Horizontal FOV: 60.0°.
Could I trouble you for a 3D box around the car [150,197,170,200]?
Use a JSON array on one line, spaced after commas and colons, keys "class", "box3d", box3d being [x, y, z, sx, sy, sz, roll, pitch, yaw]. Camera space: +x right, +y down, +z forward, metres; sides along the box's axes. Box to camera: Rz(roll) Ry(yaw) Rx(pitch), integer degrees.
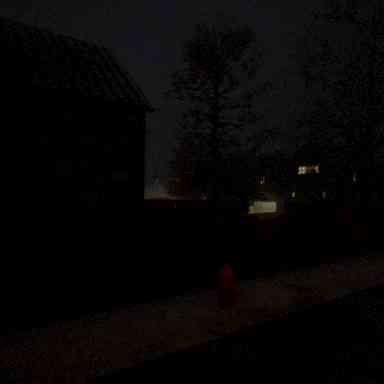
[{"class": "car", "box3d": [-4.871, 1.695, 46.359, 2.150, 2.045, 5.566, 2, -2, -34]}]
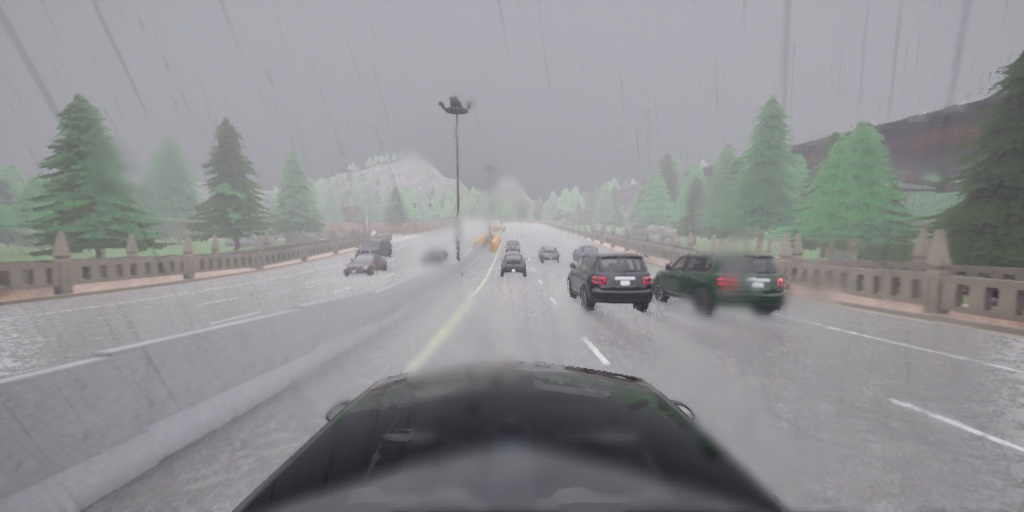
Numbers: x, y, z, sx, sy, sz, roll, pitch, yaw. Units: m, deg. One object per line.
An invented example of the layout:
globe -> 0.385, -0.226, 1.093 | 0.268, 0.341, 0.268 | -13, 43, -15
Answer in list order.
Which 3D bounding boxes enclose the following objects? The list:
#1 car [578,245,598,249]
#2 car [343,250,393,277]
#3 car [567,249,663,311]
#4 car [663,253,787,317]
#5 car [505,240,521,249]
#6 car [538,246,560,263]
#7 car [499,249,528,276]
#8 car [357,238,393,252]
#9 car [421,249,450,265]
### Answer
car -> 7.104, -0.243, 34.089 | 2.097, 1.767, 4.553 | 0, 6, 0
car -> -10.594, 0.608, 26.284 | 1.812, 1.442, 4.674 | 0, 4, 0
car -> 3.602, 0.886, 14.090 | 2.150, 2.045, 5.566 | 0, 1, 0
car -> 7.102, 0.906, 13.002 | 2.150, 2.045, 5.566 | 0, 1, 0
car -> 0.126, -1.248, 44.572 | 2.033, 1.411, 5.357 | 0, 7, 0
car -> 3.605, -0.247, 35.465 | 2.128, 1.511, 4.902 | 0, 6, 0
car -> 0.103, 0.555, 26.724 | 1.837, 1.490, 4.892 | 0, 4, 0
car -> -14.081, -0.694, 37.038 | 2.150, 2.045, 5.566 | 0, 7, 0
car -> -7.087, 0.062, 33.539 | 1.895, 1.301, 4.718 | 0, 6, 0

········

● **BRIEF**
Only these lines belong in the answer: the first line of the listing above through the line holding "#3 car [567,249,663,311]", printed exactly and without pictures.

● **OUTPUT OF THE EXERCISE**
Horizontal FOV: 60.0°.
Could I trouble you for a 3D box around the car [150,197,170,200]?
Use a JSON array on one line, spaced after commas and colons, keys "class", "box3d", box3d being [x, y, z, sx, sy, sz, roll, pitch, yaw]. Camera space: +x right, +y down, +z forward, metres; sides along the box's axes. Box to camera: Rz(roll) Ry(yaw) Rx(pitch), integer degrees.
[{"class": "car", "box3d": [-4.871, 1.695, 46.359, 2.150, 2.045, 5.566, 2, -2, -34]}]
Numbers: x, y, z, sx, sy, sz, roll, pitch, yaw. Units: m, deg. One object per line.
An invented example of the layout:
globe -> 0.385, -0.226, 1.093 | 0.268, 0.341, 0.268 | -13, 43, -15
Answer in list order.
Which 3D bounding boxes enclose the following objects? The list:
#1 car [578,245,598,249]
#2 car [343,250,393,277]
#3 car [567,249,663,311]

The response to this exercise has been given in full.